The reason why we can easily make AIs which solve chess without destroying the world is because we can make specialized AIs such that they can only operate in the theoretical environment of states of chess boards, and in that environment we can tell it exactly what it’s goal should be.
If we tell an AGI to generate plans for winning at chess, and it knows about the outside world, then because the state space is astronomically larger, it is astronomically more difficult to tell it what it’s goal should be, and so any goal we do give it either satisfies corrigibility, and we can tell it “do what I want”, or incompletely captures what we mean by ‘win this chess game’.

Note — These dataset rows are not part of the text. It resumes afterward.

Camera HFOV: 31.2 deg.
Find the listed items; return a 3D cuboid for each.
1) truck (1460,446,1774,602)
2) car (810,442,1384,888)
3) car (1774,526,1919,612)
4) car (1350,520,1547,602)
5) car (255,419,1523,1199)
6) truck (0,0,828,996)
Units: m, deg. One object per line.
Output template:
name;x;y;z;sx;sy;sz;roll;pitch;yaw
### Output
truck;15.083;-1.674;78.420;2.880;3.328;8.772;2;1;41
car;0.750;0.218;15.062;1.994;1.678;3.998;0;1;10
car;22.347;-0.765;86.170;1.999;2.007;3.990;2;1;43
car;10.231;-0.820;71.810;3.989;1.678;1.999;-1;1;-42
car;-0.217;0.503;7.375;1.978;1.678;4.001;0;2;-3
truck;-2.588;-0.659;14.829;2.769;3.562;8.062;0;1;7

For cancer, there may well be a way to solve the problem using a specialized AI, which works in an environment space simple enough that we can completely specify our goal. I assume though that we are using a general AI in all the hypothetical versions of the problem, which has the property ‘it’s working in an environment space large enough that we can’t specify what we want it to do’ or if it doesn’t know a priori it’s plans can affect the state of a far larger environment space which can affect the environment space it cares about, it may deduce this, and figure out a way to exploit this feature.

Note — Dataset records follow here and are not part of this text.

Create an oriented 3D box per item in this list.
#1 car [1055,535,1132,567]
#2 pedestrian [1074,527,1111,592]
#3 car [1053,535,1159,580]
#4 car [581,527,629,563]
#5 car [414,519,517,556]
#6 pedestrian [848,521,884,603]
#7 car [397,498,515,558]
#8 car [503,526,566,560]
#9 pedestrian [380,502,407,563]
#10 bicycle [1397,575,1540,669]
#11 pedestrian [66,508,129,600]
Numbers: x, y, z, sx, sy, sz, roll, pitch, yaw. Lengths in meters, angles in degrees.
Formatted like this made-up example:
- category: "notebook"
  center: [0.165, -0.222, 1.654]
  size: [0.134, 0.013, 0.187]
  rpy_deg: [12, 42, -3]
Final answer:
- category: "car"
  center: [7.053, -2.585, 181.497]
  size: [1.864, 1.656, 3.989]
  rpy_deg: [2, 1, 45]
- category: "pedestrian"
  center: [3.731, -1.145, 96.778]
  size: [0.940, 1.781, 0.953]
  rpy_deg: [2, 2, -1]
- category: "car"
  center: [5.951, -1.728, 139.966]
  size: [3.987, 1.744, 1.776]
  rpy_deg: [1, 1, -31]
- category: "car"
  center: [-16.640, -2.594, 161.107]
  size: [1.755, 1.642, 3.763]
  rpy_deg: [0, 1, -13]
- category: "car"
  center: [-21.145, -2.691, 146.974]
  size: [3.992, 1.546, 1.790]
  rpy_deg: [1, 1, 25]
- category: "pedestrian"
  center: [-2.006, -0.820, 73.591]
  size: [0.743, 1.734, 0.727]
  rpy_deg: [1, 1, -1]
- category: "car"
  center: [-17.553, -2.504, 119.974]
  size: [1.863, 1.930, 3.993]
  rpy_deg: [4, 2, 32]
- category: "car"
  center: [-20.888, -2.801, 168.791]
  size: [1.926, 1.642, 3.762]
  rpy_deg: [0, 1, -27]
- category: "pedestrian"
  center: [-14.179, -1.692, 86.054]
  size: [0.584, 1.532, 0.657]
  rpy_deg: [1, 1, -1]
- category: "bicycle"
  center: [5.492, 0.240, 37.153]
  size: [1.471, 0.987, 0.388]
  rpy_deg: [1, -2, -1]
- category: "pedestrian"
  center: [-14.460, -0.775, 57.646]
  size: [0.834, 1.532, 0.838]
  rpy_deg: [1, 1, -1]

I might be conflating Richard, Paul, and my own guesses here. But, I think part of the argument here is about what can happen before AGI, that gives us lines of hope to pursue.
Like, my-model-of-Paul wants various tools for amplifying his own thought to (among other things) help think about solving the longterm alignment problem. And the question is whether there are ways of doing that that actually help when trying to solve the sorts of problems Paul wants to solve. We’ve successfully augmented human arithmetic and chess. Are there tools we actually wish we had, that narrow AI meaningfully helps with,
I’m not sure if Richard has a particular strategy in mind, but I assume he’s exploring the broader question of “what useful things can we build that will help navigate x-risk”

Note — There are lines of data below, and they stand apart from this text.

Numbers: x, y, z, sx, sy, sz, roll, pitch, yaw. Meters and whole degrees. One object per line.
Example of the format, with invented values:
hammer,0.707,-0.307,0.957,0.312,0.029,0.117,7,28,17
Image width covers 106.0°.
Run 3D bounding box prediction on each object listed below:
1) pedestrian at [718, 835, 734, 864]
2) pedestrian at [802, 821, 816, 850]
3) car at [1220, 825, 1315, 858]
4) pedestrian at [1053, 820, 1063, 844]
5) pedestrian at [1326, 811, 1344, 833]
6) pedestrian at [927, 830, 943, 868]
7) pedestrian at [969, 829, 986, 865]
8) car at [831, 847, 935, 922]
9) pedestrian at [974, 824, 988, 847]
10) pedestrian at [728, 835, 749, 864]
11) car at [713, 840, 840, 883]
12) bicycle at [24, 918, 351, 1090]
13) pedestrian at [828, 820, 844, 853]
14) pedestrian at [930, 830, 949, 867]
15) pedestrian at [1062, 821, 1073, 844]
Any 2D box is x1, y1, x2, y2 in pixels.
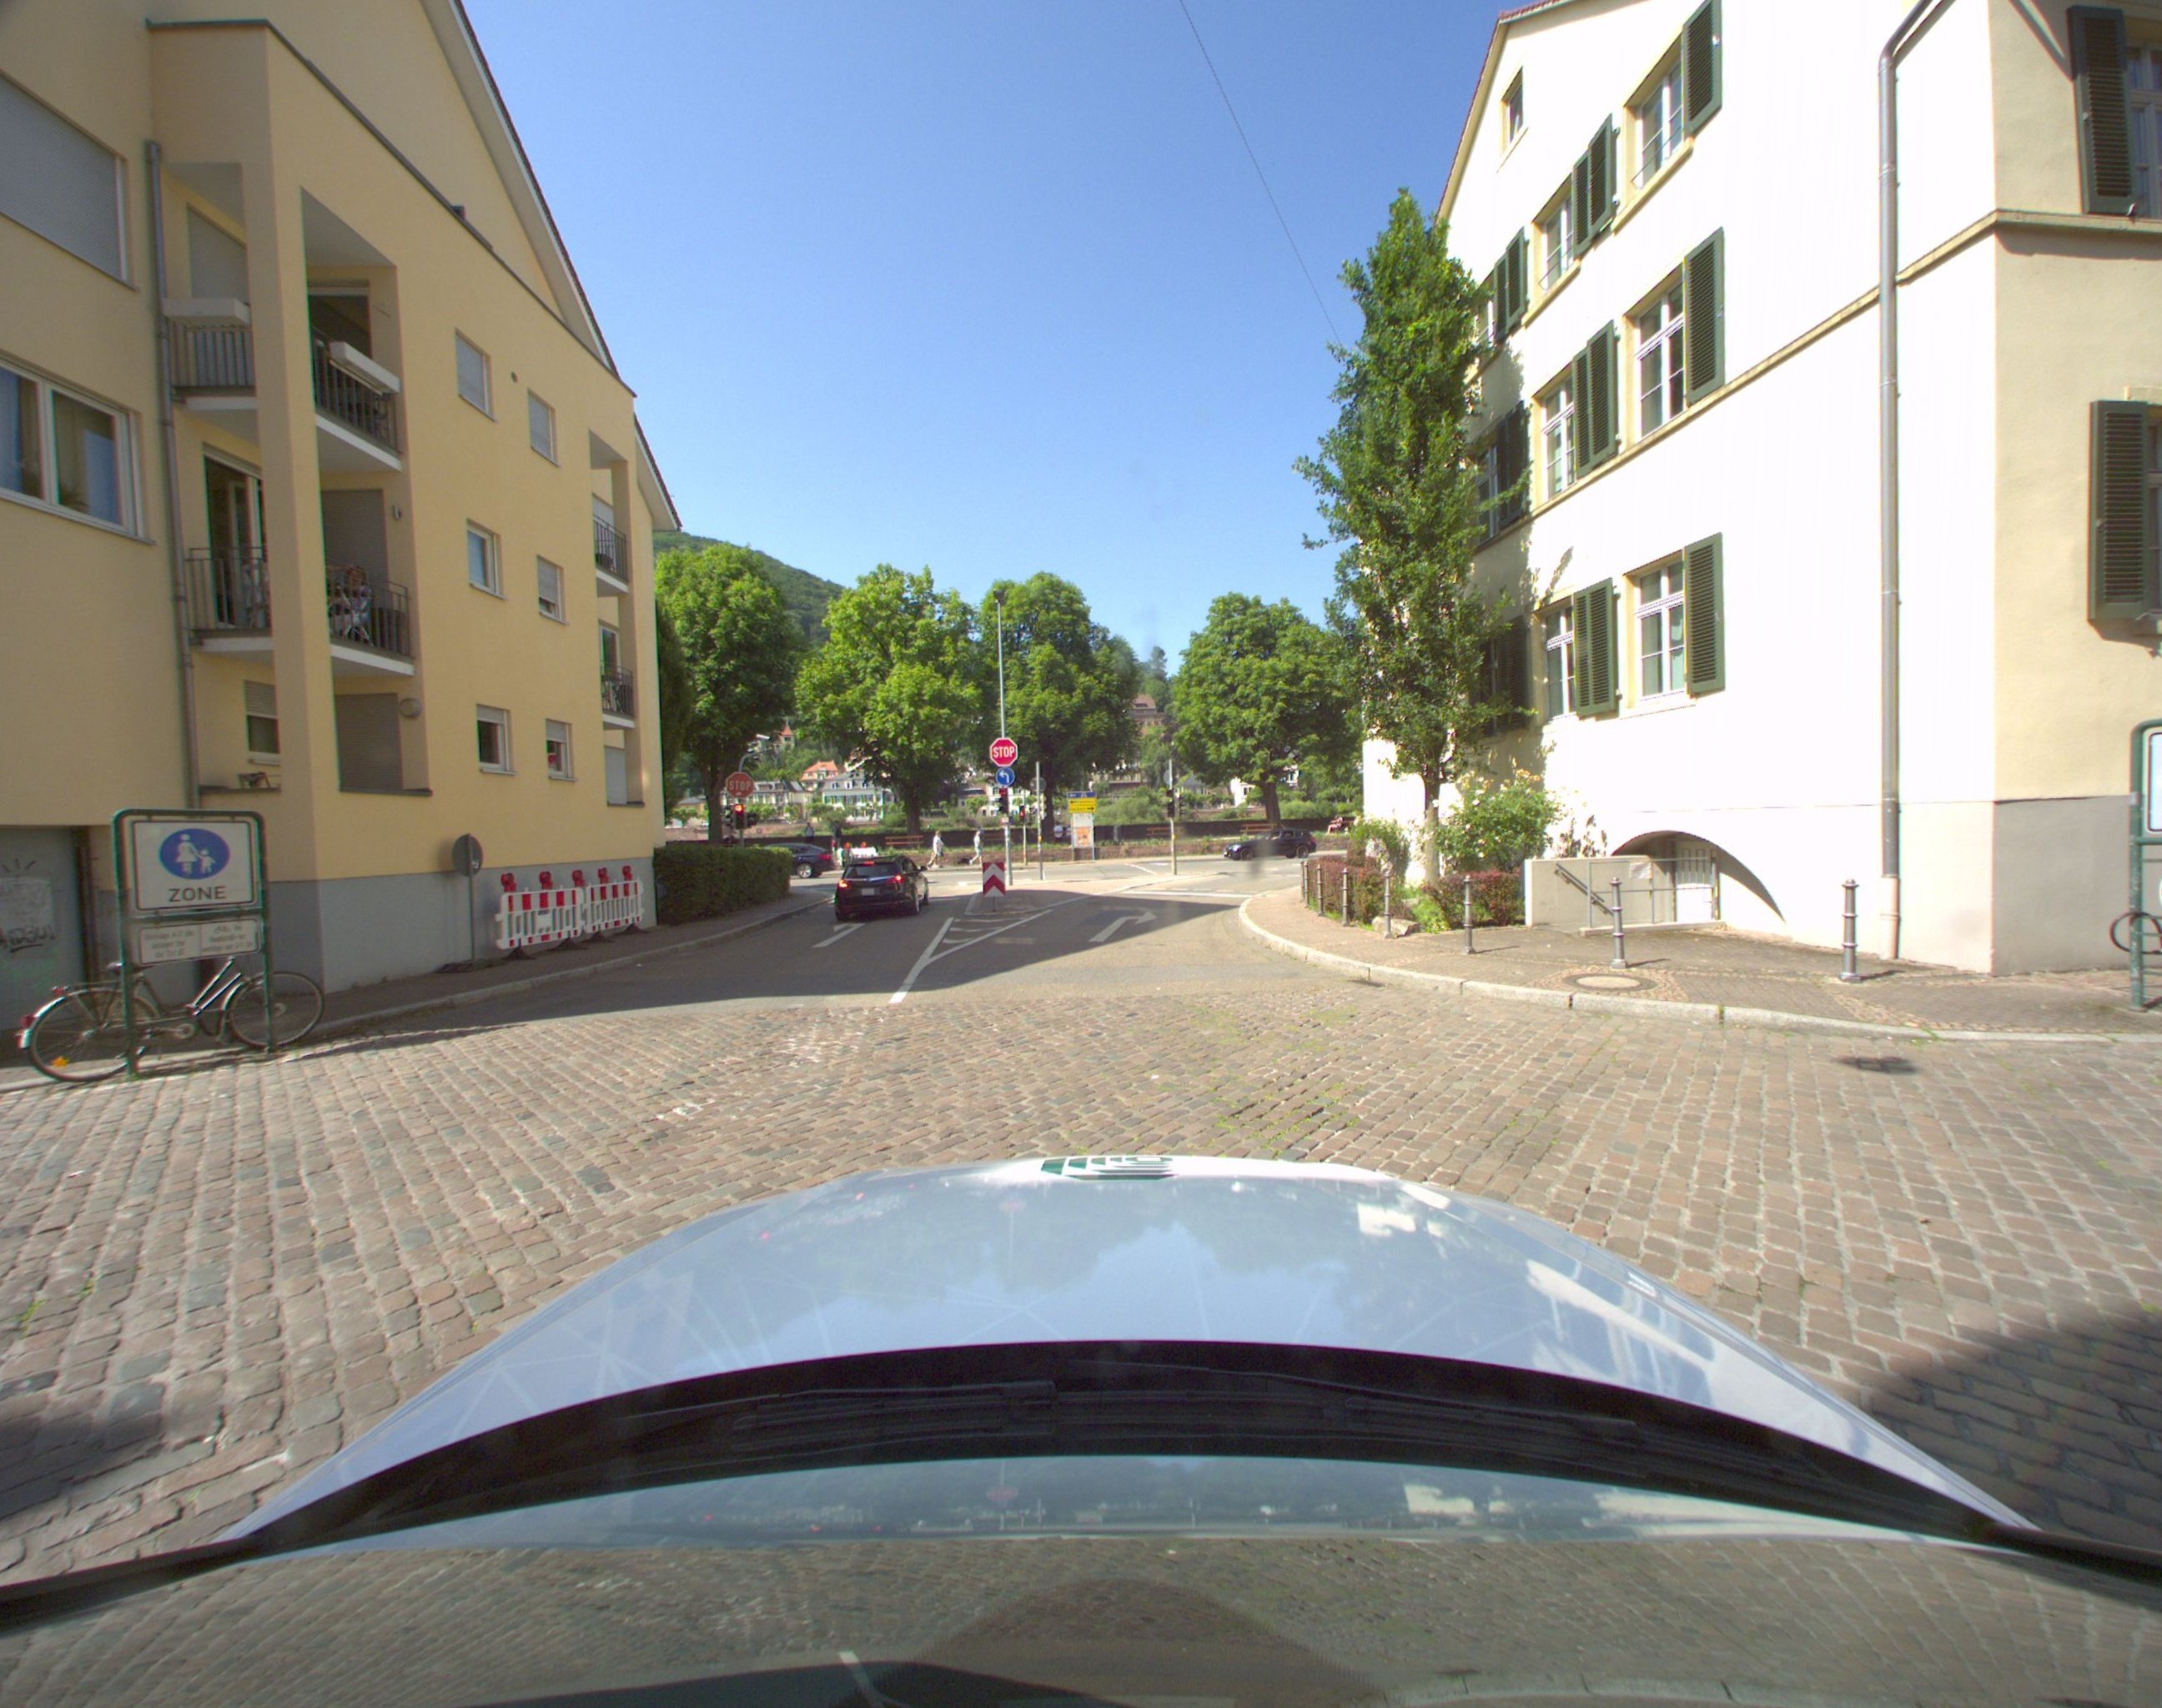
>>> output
pedestrian,-18.644,-0.244,42.765,0.466,1.493,0.804,-2,1,-1
pedestrian,-16.156,-1.094,48.350,0.709,1.731,0.753,-2,1,-15
car,8.723,-0.594,38.221,3.980,1.418,1.872,-2,1,-5
pedestrian,-1.251,-1.195,44.659,0.551,1.279,0.703,0,-2,-3
pedestrian,14.435,-1.836,46.320,0.795,1.211,0.715,0,-2,-2
pedestrian,-7.103,-0.256,39.637,0.576,1.801,0.705,-3,0,-2
pedestrian,-5.191,-0.334,40.860,0.686,1.769,0.717,-3,0,-1
car,-4.747,0.645,20.185,1.711,1.462,4.716,-4,2,-5
pedestrian,-5.393,-0.995,43.965,0.642,1.228,0.412,-3,0,-15
pedestrian,-18.106,-0.250,43.040,0.465,1.479,1.385,-2,1,-1
car,-13.187,0.319,35.518,4.757,1.517,1.902,-4,1,-6
bicycle,-7.607,1.209,7.098,0.388,1.079,1.917,-2,1,14
pedestrian,-13.843,-0.995,46.050,0.766,1.857,0.751,-2,1,-23
pedestrian,-7.078,-0.292,40.746,0.720,1.801,0.633,-3,0,-2
pedestrian,-0.731,-1.182,44.876,0.552,1.228,0.984,0,-2,-4

The original dialogs were exploring the concept of pivotal acts that could change humanity’s strategic position. Are there AIs that can execute pivotal acts that are more like calculators and Deep Blue than like autonomous moon-base-builders? (I don’t know if Richard actually shares the pivotal act / acute risk period frame, or was just accepting it for sake of argument)
The problem is not with whether we call the AI AGI or not, it’s whether we can either 1) fully specify our goals in the environment space it’s able to model (or otherwise not care too deeply about the environment space it’s able to model), or 2) verify the effects of the actions it says to do have no disastrous consequences.
To determine whether a tool AI can be used to solve problems Paul wants to solve, or execute pivotal acts, we need a to both 1) determine that the environment is small enough for us to accurately express our goal, and 2) ensure the AI is unable to infer the existence of a broader environment.
(meta note: I’m making a lot of very confident statements, and very few are of the form “<statement>, unless <other statement>, then <statement> may not be true”. This means I am almost certainly overconfident, and my model is incomplete, but I’m making the claims anyway so that they can be developed)
This is what I came here to say! I think you point out a crisp reason why some task settings make alignment harder than others, and why we get catastrophically optimized against by some kinds of smart agents but not others (like Deep Blue).